This invention relates to lead frames for rectangular flat packages having lead terminals which extend outwardly through the four peripheral sides of a resin body.
In a conventional lead frame 1 for a rectangular flat package shown in FIG. 3, the lead frame includes a central portion 3 on which a semiconductor element 2 is to be mounted and a plurality of lead terminals 4 distributed around the central portion 3 and extending toward the four peripheral sides of the frame. The inner ends of the lead terminals 4 terminate adjacent to the central portion 3 which is supported by two central portion leads 5. The lead terminals 4 and the central portion leads 5 are coupled together partway along their length by dam bars 6 and they are divided into four groups corresponding to the four peripheral sides of the frame 1. The lead terminals 4 and the central portion leads 5 are also joined at their outer ends to peripheral buffer portions 7 separated from the rest of the frame by slits 8. Two side rails 10 extend along the edges of the frame 1 and have guide holes 9 at preselected intervals so that the guide holes can be used, for example, to position the frame. In the arrangement shown in FIG. 3, the lead frame 1 is coupled to adjacent lead frames in a strip by section bars 11.
A rectangular flat package is made from a lead frame 1 as described hereinafter. The semiconductor element 2 is first bonded onto the central portion 3 of the frame 1 and the terminals of the element 2 are then connected by wires to the lead terminals 4 of the frame. An epoxy resin or similar material is molded, for example, by transfer molding, around the lead frame 1 so as to make a resin body 12 in an oblong area inside the dam bars 6 as shown by a dot-dash outline in FIG. 3. The semiconductor element 2 is thus encapsulated by the resin body 12. Thereafter, the dam bars 6 are punched out and the lead terminals 4 are cut off and bent.
When the epoxy resin or similar material thermally hardens during molding to make the resin body 12, the molded material contracts. Since the lead frame 1 has a lower coefficient of thermal expansion than the molded material and is very thin, the frame is likely to undergo warp or deformation as the resin body contracts. However, because of the presence of the slits 8, the buffer portions 7 are deformed to allow the resin body 12 to contract in the longitudinal and transverse directions without causing the lead frame 1 to undergo much warp or deformation as a whole.

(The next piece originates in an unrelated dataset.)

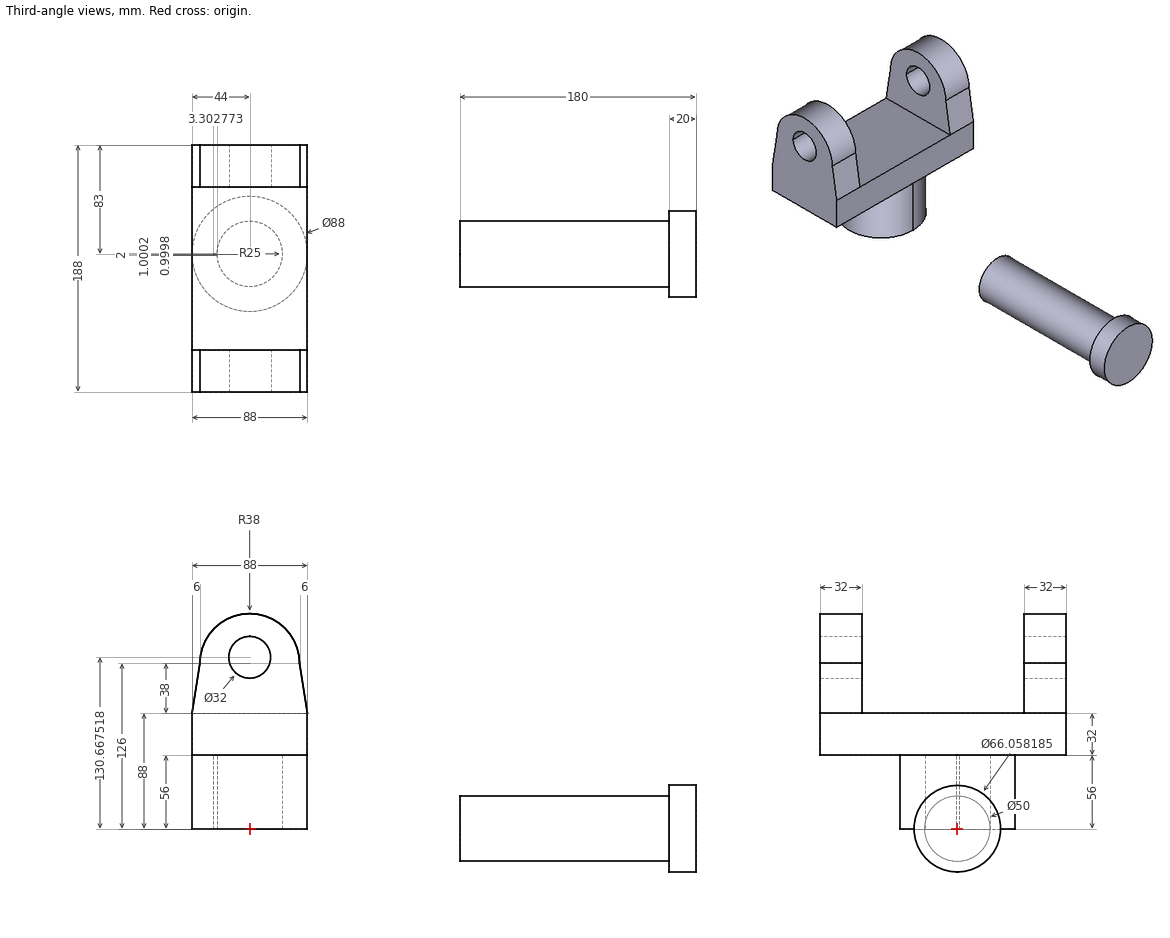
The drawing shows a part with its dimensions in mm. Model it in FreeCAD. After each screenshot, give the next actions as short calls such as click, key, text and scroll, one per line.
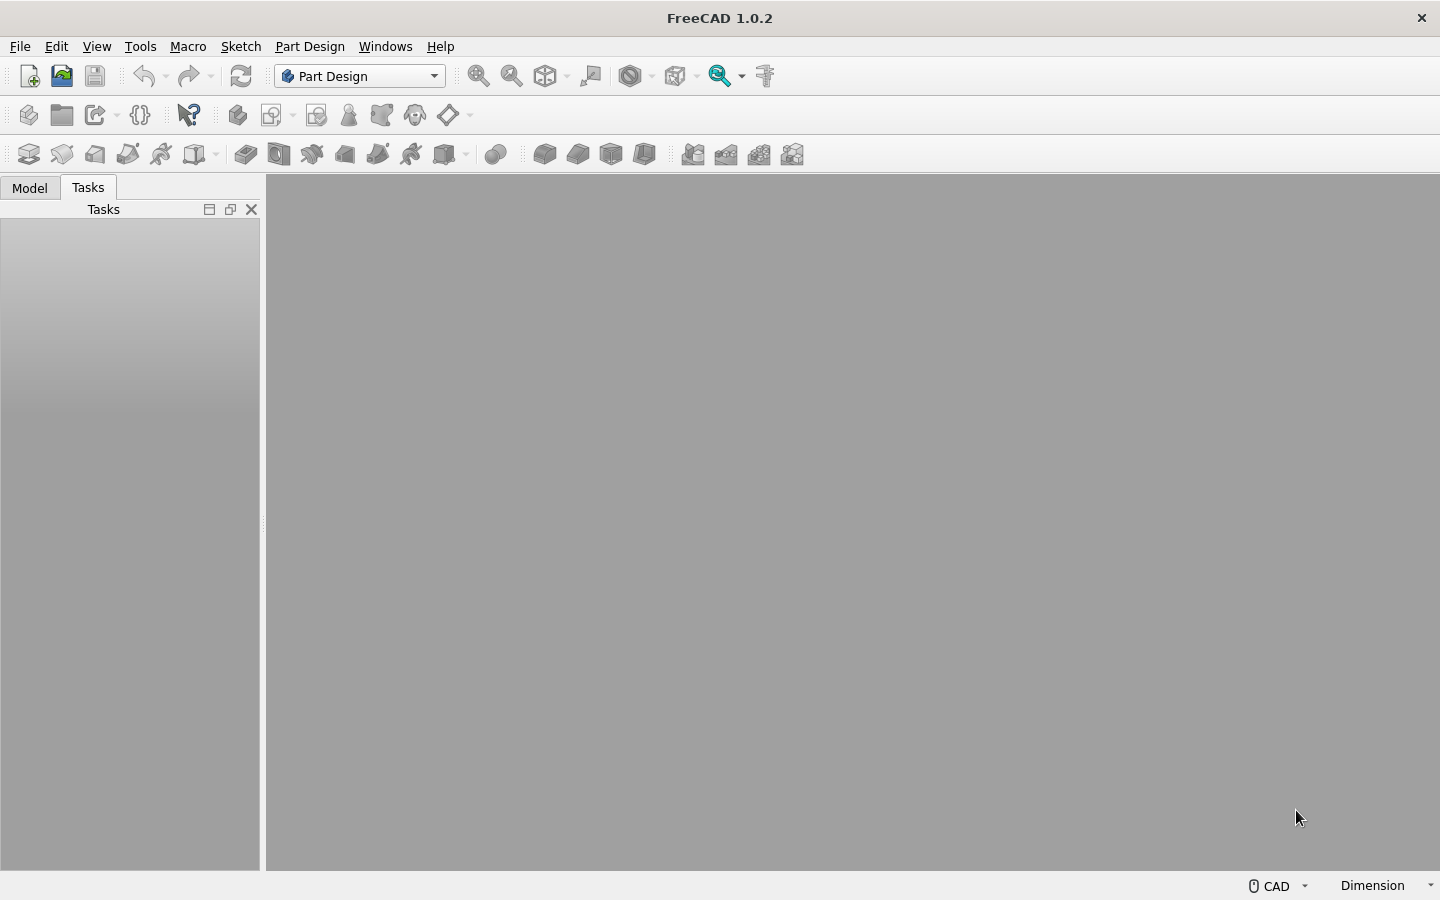
key(ctrl+n)

Nevertheless, the conventional lead frame 1 has a problem as described hereinafter. The resin body 12 of the rectangular flat package contracts toward its center in all directions, but the deformation of the buffer portions 7 of the lead frame does not prevent the contraction of the resin body in the diagonal directions from causing the lead frame to undergo warp or deformation. For that reason, the frame 1 cannot smoothly be conveyed during the punching and bending operation after the manufacturing of the resin body 12.